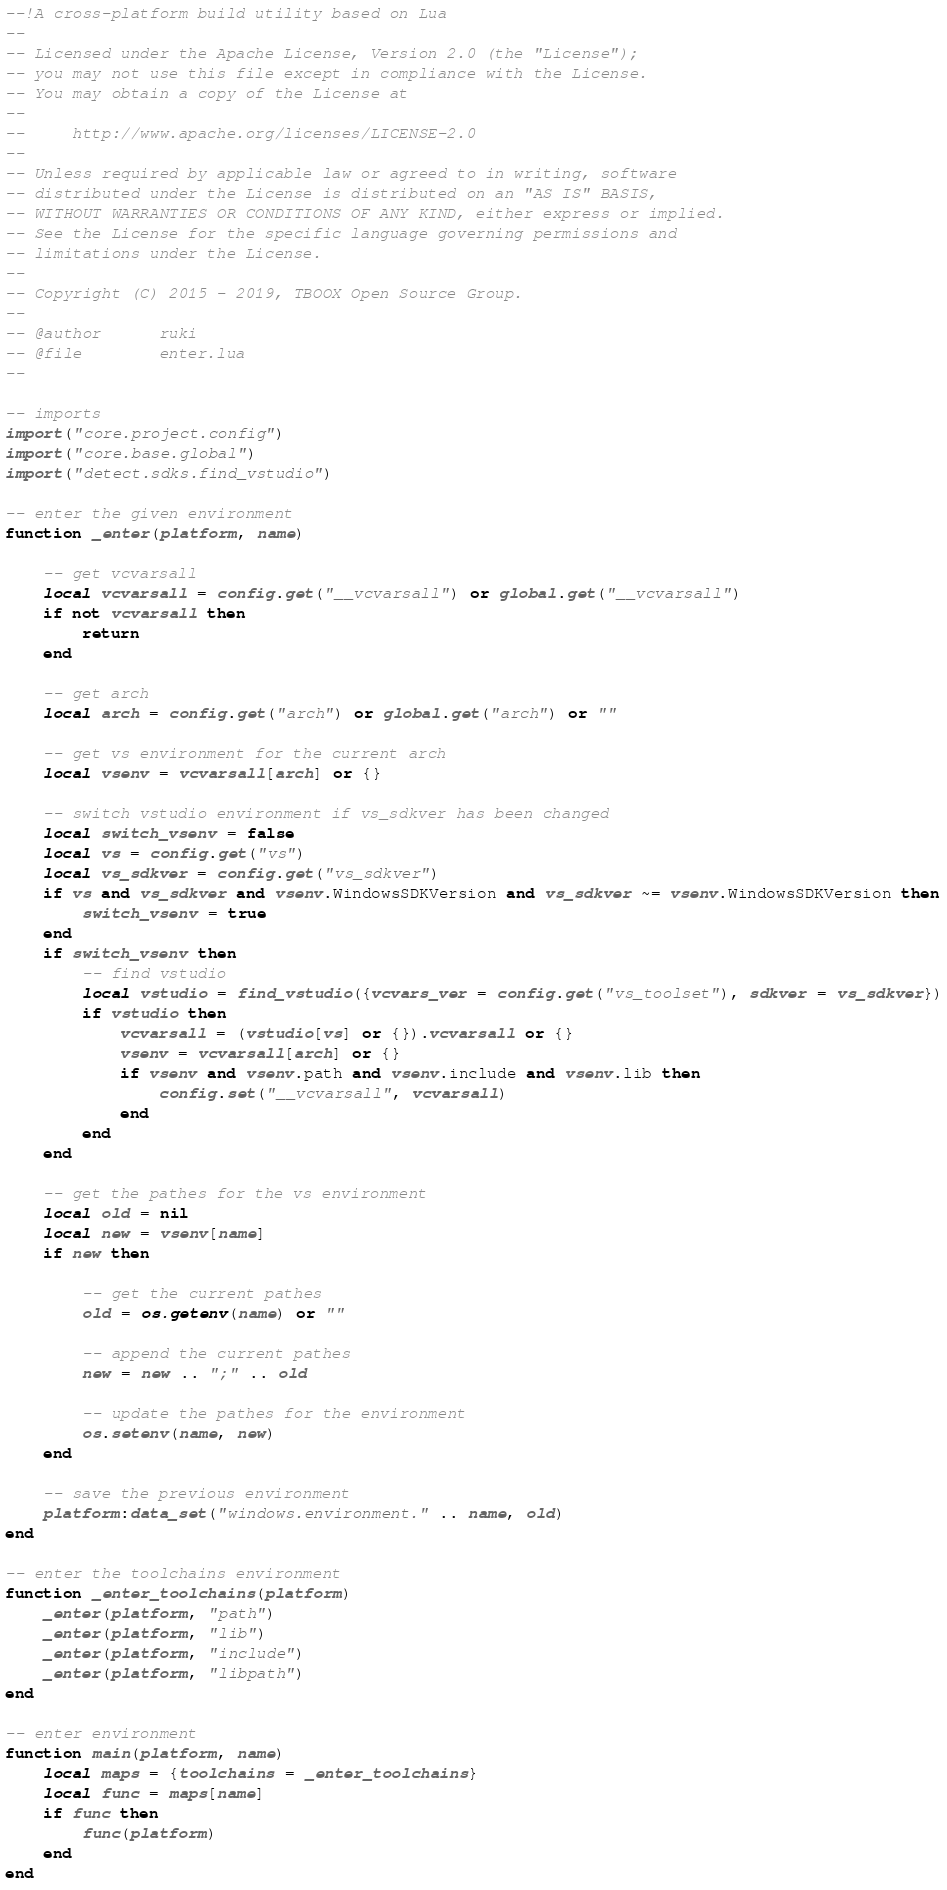Convert code to text. <code><loc_0><loc_0><loc_500><loc_500><_Lua_>--!A cross-platform build utility based on Lua
--
-- Licensed under the Apache License, Version 2.0 (the "License");
-- you may not use this file except in compliance with the License.
-- You may obtain a copy of the License at
--
--     http://www.apache.org/licenses/LICENSE-2.0
--
-- Unless required by applicable law or agreed to in writing, software
-- distributed under the License is distributed on an "AS IS" BASIS,
-- WITHOUT WARRANTIES OR CONDITIONS OF ANY KIND, either express or implied.
-- See the License for the specific language governing permissions and
-- limitations under the License.
-- 
-- Copyright (C) 2015 - 2019, TBOOX Open Source Group.
--
-- @author      ruki
-- @file        enter.lua
--

-- imports
import("core.project.config")
import("core.base.global")
import("detect.sdks.find_vstudio")

-- enter the given environment
function _enter(platform, name)

    -- get vcvarsall
    local vcvarsall = config.get("__vcvarsall") or global.get("__vcvarsall")
    if not vcvarsall then
        return 
    end

    -- get arch
    local arch = config.get("arch") or global.get("arch") or ""

    -- get vs environment for the current arch
    local vsenv = vcvarsall[arch] or {}

    -- switch vstudio environment if vs_sdkver has been changed 
    local switch_vsenv = false
    local vs = config.get("vs")
    local vs_sdkver = config.get("vs_sdkver")
    if vs and vs_sdkver and vsenv.WindowsSDKVersion and vs_sdkver ~= vsenv.WindowsSDKVersion then
        switch_vsenv = true
    end
    if switch_vsenv then
        -- find vstudio
        local vstudio = find_vstudio({vcvars_ver = config.get("vs_toolset"), sdkver = vs_sdkver})
        if vstudio then
            vcvarsall = (vstudio[vs] or {}).vcvarsall or {}
            vsenv = vcvarsall[arch] or {}
            if vsenv and vsenv.path and vsenv.include and vsenv.lib then
                config.set("__vcvarsall", vcvarsall)
            end
        end
    end

    -- get the pathes for the vs environment
    local old = nil
    local new = vsenv[name]
    if new then

        -- get the current pathes
        old = os.getenv(name) or ""

        -- append the current pathes
        new = new .. ";" .. old

        -- update the pathes for the environment
        os.setenv(name, new)
    end

    -- save the previous environment
    platform:data_set("windows.environment." .. name, old)
end

-- enter the toolchains environment
function _enter_toolchains(platform)
    _enter(platform, "path")
    _enter(platform, "lib")
    _enter(platform, "include")
    _enter(platform, "libpath")
end

-- enter environment
function main(platform, name)
    local maps = {toolchains = _enter_toolchains}
    local func = maps[name]
    if func then
        func(platform)
    end
end

</code>

## Prompt
Each line from the one holding "-- get the pathes for the vs environment" through the last line of the data is to be transcribed exactly, with nothing else added.

## Written response
    -- get the pathes for the vs environment
    local old = nil
    local new = vsenv[name]
    if new then

        -- get the current pathes
        old = os.getenv(name) or ""

        -- append the current pathes
        new = new .. ";" .. old

        -- update the pathes for the environment
        os.setenv(name, new)
    end

    -- save the previous environment
    platform:data_set("windows.environment." .. name, old)
end

-- enter the toolchains environment
function _enter_toolchains(platform)
    _enter(platform, "path")
    _enter(platform, "lib")
    _enter(platform, "include")
    _enter(platform, "libpath")
end

-- enter environment
function main(platform, name)
    local maps = {toolchains = _enter_toolchains}
    local func = maps[name]
    if func then
        func(platform)
    end
end

</code>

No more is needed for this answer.